Exercise aim:
Count every line of the material that holds the string "jakejmattson". Respond with the total only.

Data to use:
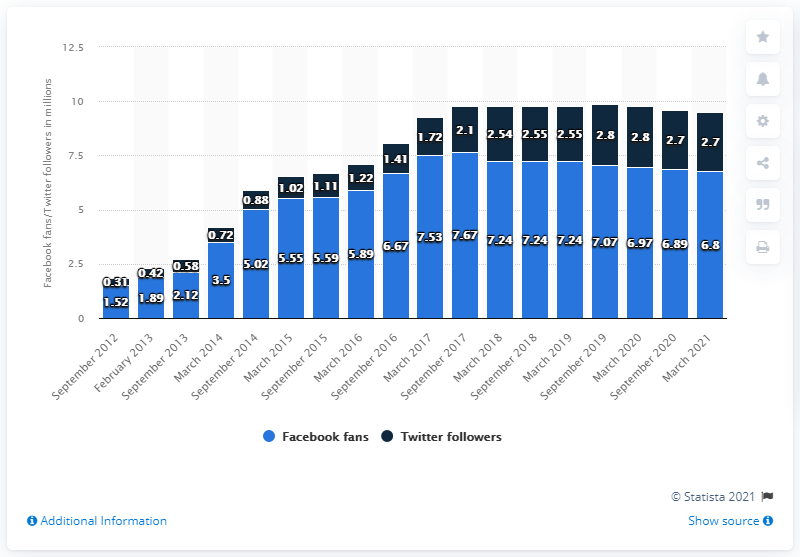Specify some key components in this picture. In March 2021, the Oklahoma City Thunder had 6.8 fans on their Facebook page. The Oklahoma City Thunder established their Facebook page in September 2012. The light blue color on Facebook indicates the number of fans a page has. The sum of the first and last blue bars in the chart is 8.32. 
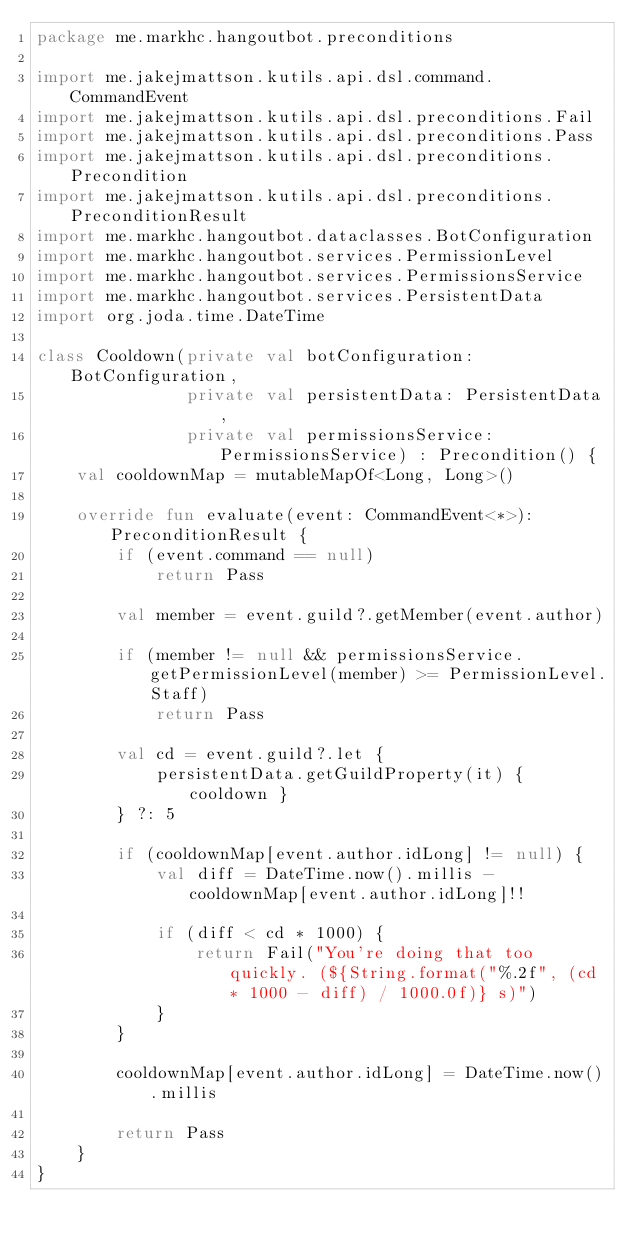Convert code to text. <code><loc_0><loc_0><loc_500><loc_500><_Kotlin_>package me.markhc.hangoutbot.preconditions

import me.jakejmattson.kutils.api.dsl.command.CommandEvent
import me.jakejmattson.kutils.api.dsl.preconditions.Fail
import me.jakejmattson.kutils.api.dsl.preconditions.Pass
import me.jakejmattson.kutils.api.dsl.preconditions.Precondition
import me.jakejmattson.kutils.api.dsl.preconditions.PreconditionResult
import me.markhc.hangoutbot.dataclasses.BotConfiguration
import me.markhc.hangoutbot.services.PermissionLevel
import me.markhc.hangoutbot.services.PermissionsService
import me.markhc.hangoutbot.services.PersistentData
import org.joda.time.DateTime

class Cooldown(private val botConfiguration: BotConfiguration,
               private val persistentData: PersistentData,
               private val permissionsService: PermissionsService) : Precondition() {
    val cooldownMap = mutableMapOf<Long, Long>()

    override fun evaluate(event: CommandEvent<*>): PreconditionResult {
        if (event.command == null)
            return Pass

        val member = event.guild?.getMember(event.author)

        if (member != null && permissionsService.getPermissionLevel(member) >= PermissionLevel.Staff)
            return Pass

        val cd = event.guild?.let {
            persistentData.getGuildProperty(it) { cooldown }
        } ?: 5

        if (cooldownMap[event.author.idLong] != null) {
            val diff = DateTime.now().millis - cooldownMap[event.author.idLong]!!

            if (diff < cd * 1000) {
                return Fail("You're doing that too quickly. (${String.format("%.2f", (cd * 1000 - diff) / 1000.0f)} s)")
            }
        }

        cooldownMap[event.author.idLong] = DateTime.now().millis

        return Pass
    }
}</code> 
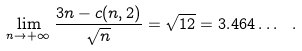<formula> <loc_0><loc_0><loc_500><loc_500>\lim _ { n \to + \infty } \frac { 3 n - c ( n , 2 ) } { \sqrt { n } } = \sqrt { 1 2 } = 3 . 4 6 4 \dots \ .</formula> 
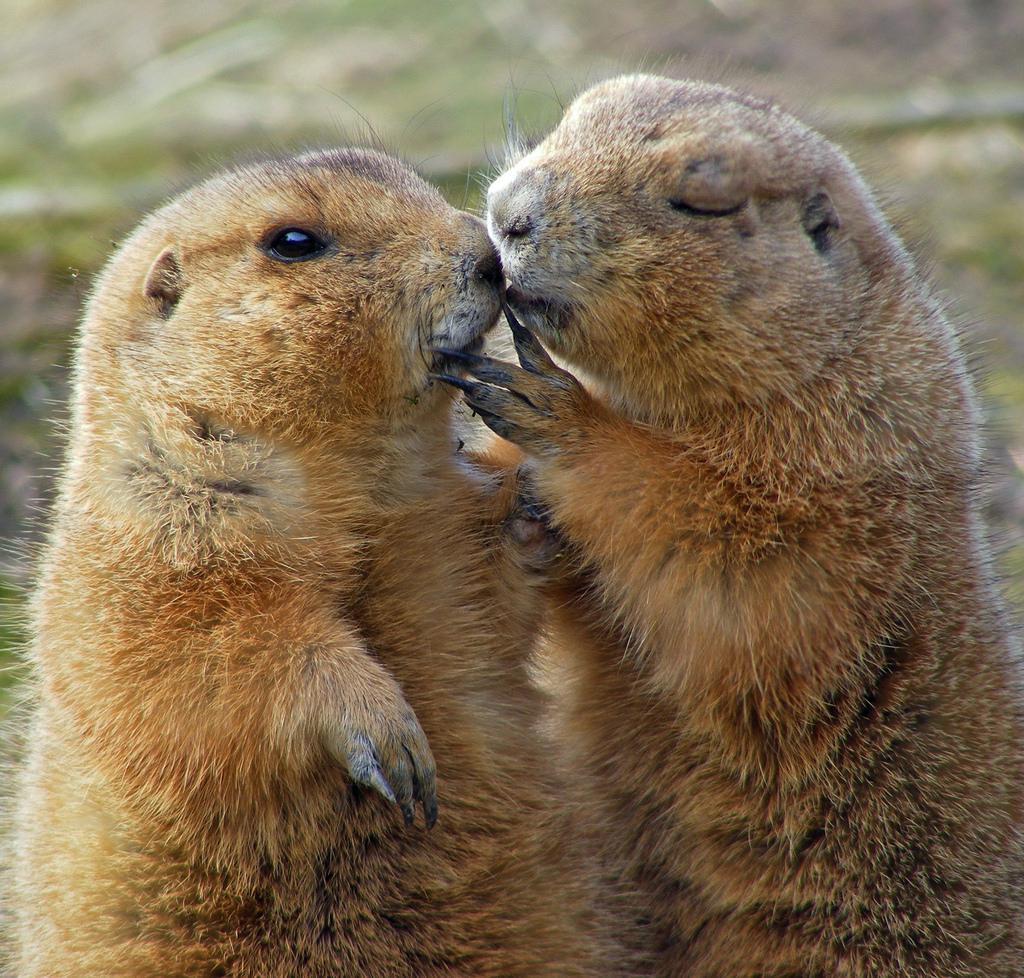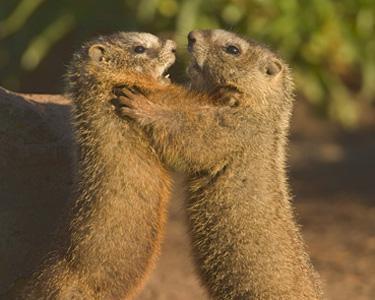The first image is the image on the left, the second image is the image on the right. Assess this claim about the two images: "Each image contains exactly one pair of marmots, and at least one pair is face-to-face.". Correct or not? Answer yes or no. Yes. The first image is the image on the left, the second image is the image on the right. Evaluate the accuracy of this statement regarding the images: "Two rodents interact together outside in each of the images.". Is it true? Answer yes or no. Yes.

--

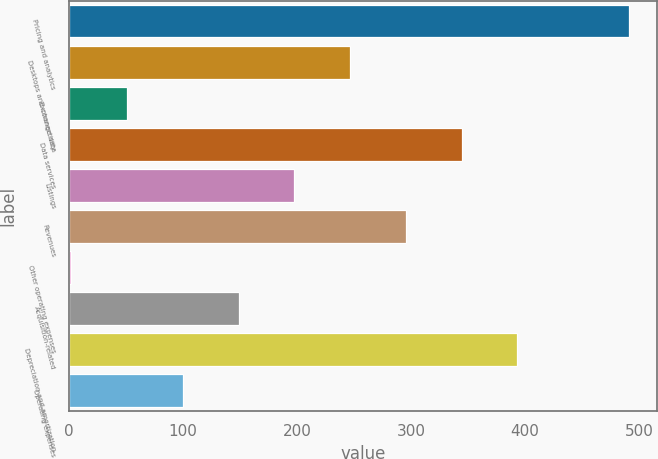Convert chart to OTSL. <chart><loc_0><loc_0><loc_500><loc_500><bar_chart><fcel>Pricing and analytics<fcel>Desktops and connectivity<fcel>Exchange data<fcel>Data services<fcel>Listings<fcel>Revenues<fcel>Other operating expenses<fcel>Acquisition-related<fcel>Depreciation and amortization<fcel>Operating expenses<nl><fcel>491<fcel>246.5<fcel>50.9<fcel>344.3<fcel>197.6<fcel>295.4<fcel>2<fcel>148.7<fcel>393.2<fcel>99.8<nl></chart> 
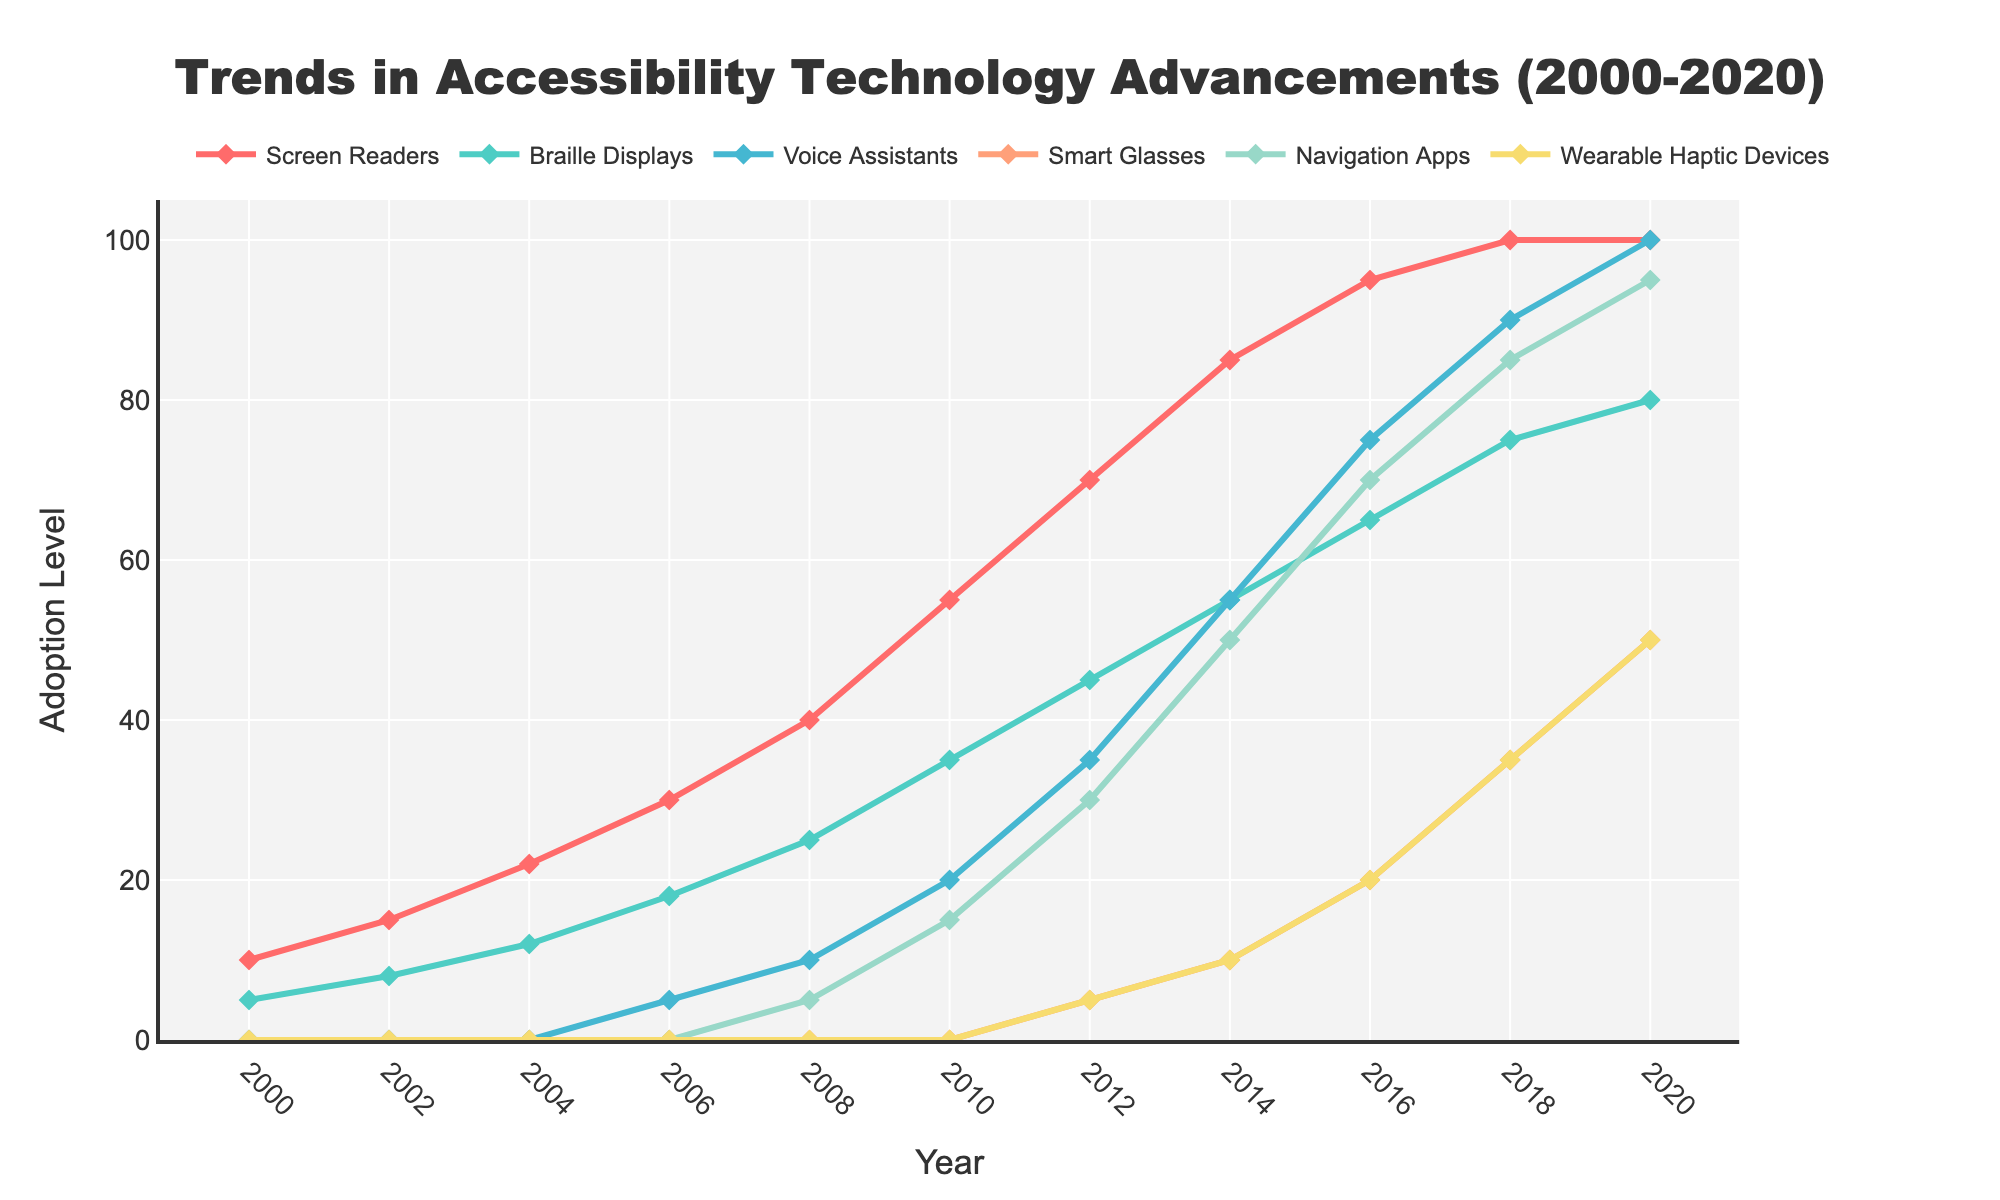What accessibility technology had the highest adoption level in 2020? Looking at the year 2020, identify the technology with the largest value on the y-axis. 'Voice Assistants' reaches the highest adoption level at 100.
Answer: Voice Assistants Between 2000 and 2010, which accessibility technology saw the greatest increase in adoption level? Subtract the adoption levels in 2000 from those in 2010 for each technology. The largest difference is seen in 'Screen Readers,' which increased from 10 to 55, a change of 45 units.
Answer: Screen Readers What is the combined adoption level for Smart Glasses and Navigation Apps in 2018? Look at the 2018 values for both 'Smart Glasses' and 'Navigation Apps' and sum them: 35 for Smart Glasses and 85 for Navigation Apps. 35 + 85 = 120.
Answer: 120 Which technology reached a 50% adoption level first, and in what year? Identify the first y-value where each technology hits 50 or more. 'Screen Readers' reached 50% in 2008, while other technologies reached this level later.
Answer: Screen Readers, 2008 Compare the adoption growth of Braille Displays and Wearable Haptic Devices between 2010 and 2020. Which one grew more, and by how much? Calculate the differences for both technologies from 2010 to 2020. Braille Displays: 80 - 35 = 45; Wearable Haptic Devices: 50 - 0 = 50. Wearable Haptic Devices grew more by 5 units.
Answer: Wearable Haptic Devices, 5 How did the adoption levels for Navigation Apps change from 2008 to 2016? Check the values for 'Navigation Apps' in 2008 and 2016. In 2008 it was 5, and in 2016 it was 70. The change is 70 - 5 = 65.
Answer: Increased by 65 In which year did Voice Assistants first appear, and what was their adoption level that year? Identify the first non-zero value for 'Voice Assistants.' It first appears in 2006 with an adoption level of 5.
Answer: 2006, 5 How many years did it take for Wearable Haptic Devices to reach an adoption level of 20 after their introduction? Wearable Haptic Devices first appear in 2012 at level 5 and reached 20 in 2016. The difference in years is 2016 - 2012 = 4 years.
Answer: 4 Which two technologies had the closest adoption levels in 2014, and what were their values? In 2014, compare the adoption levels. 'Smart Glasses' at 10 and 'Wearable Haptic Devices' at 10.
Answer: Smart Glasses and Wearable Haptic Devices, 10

Response:
5